# Linear Regression

This notebook demonstrates **experiment-based** impact estimation via [statsmodels](https://www.statsmodels.org/) [`ols()`](https://www.statsmodels.org/stable/generated/statsmodels.formula.api.ols.html).

The experiment model fits an OLS regression with an R-style formula. The `enriched` indicator acts as the treatment variable, and the coefficient on `enriched` estimates the average treatment effect.

## Workflow Overview

1. User provides `products.csv`
2. User configures `DATA.ENRICHMENT` for treatment assignment
3. User calls `evaluate_impact(config.yaml)`
4. Engine handles everything internally (adapter, enrichment, model)

## Initial Setup

In [None]:
from pathlib import Path

import pandas as pd
from impact_engine_measure import evaluate_impact, load_results, parse_config_file
from impact_engine_measure.metrics import create_metrics_manager
from impact_engine_measure.models.factory import get_model_adapter
from online_retail_simulator import simulate

## Step 1 — Product Catalog

In production, this would be your actual product catalog.

In [None]:
output_path = Path("output/demo_experiment")
output_path.mkdir(parents=True, exist_ok=True)

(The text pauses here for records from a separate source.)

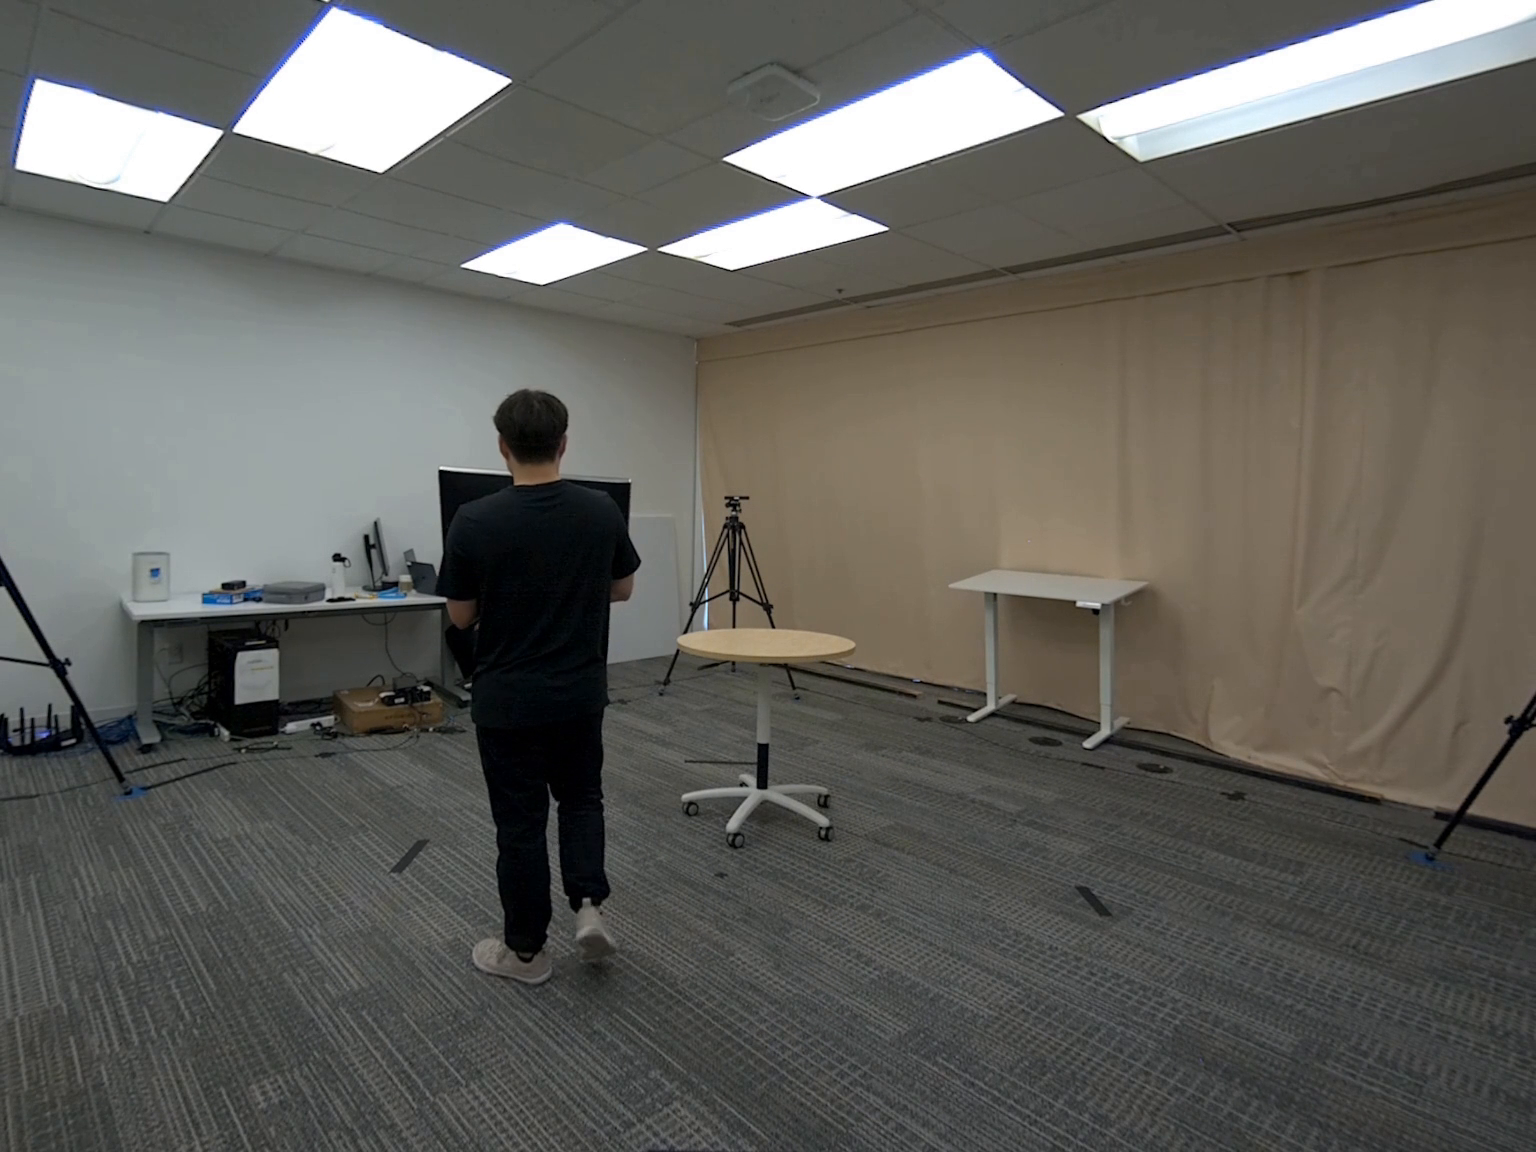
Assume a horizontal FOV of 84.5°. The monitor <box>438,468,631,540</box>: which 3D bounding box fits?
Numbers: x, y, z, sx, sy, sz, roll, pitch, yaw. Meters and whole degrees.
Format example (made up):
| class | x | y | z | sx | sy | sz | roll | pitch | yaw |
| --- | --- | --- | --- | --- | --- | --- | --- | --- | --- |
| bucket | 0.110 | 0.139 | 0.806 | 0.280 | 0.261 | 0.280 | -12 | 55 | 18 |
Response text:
| class | x | y | z | sx | sy | sz | roll | pitch | yaw |
| --- | --- | --- | --- | --- | --- | --- | --- | --- | --- |
| monitor | -0.707 | -0.040 | 2.545 | 0.535 | 0.517 | 0.190 | 3 | 15 | -9 |

job_info = simulate("configs/demo_experiment_catalog.yaml", job_id="catalog")
products = job_info.load_df("products")

print(f"Generated {len(products)} products")
print(f"Products catalog: {job_info.get_store().full_path('products.csv')}")
products.head()

## Step 2 — Engine Configuration

Configure the engine with the following sections.
- `ENRICHMENT` — Treatment assignment via quality boost (50/50 split)
- `MODEL` — `experiment` with formula `revenue ~ enriched + price`

The formula specifies an OLS regression where `revenue` is the outcome, `enriched` is the treatment indicator, and `price` is a control variable. The coefficient on `enriched` estimates the treatment effect.

In [None]:
config_path = "configs/demo_experiment.yaml"
baseline_config_path = "configs/demo_experiment_baseline.yaml"

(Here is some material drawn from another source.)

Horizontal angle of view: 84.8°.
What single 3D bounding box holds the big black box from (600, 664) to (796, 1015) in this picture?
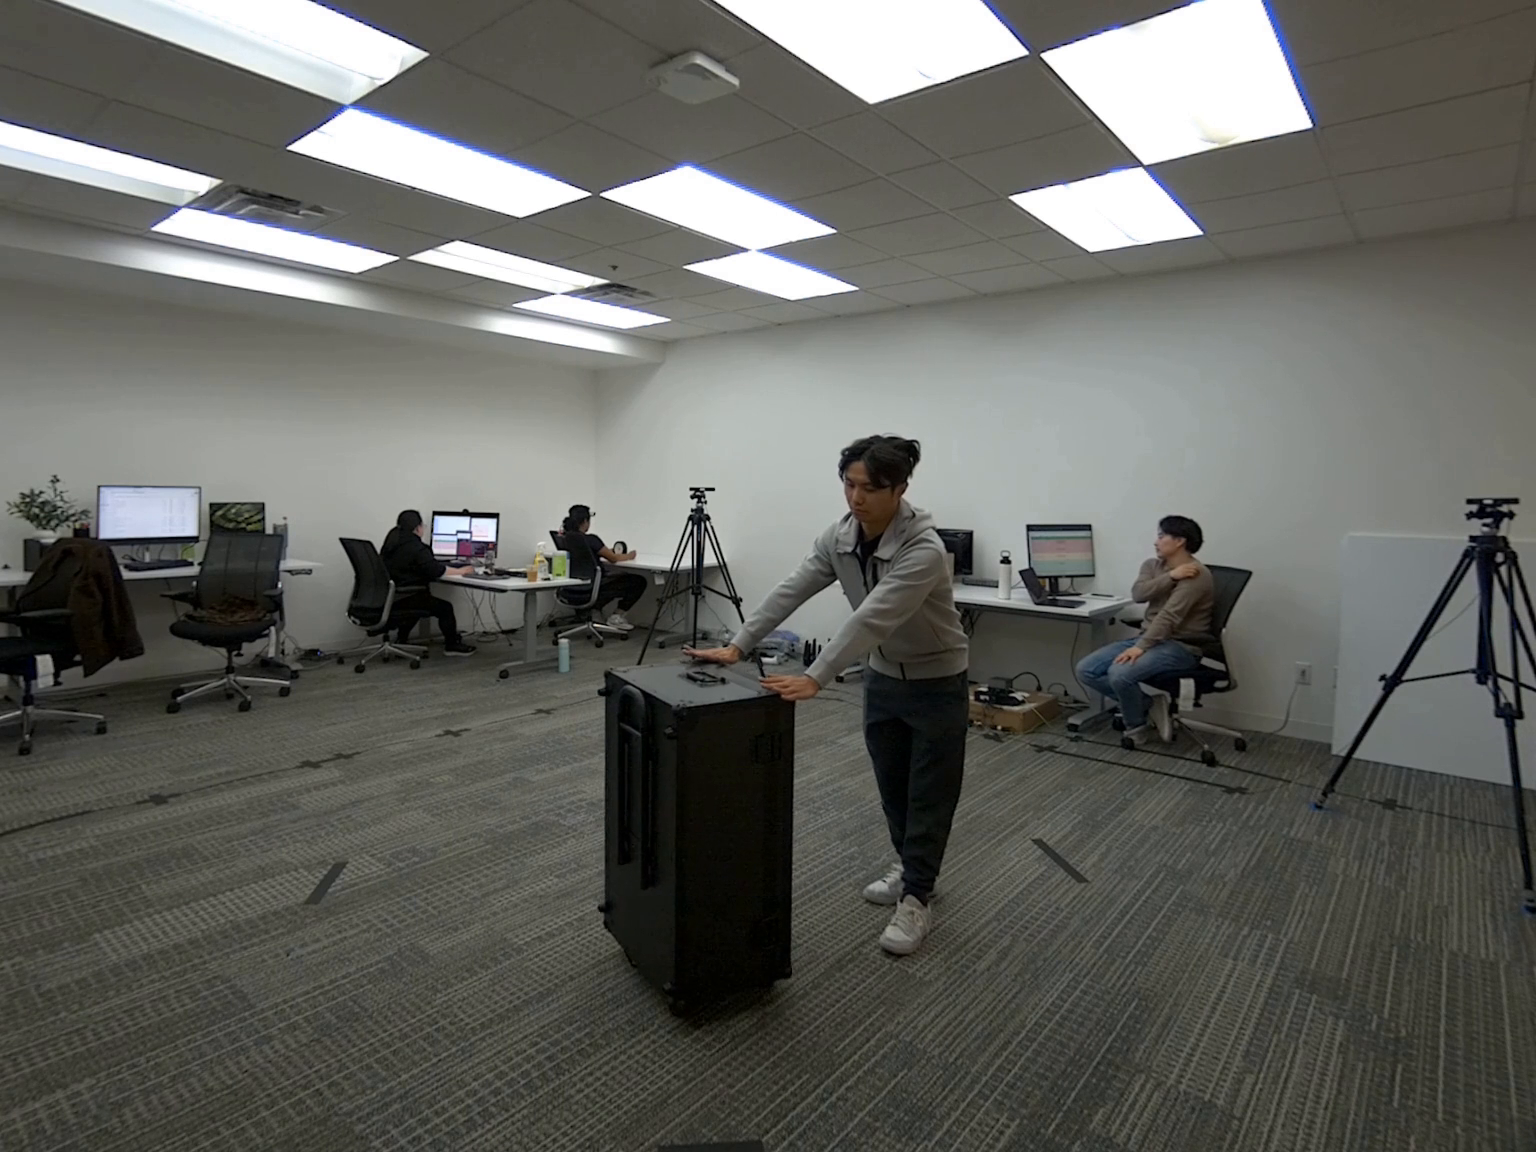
[{"bbox_3d":[-0.222,0.719,2.389,0.386,0.858,0.537,-2,5,-31],"label":"big black box"}]

## Step 3 — Impact Evaluation

A single call to `evaluate_impact()` handles everything.
- Engine creates `CatalogSimulatorAdapter`
- Adapter simulates metrics (single-day, cross-sectional)
- Adapter applies enrichment (treatment assignment + revenue boost)
- `ExperimentAdapter` fits OLS regression with the specified formula

In [None]:
job_info = evaluate_impact(config_path, str(output_path), job_id="results")
print(f"Job ID: {job_info.job_id}")

## Step 4 — Review Results

In [None]:
results = load_results(job_info)

data = results.impact_results["data"]
model_params = data["model_params"]
estimates = data["impact_estimates"]
summary = data["model_summary"]

print("=" * 60)
print("EXPERIMENT (OLS REGRESSION) RESULTS")
print("=" * 60)

print(f"\nFormula: {model_params['formula']}")
print(f"R-squared: {summary['rsquared']:.4f}")
print(f"R-squared (adj): {summary['rsquared_adj']:.4f}")
print(f"F-statistic: {summary['fvalue']:.2f} (p={summary['f_pvalue']:.4e})")
print(f"Observations: {summary['nobs']}")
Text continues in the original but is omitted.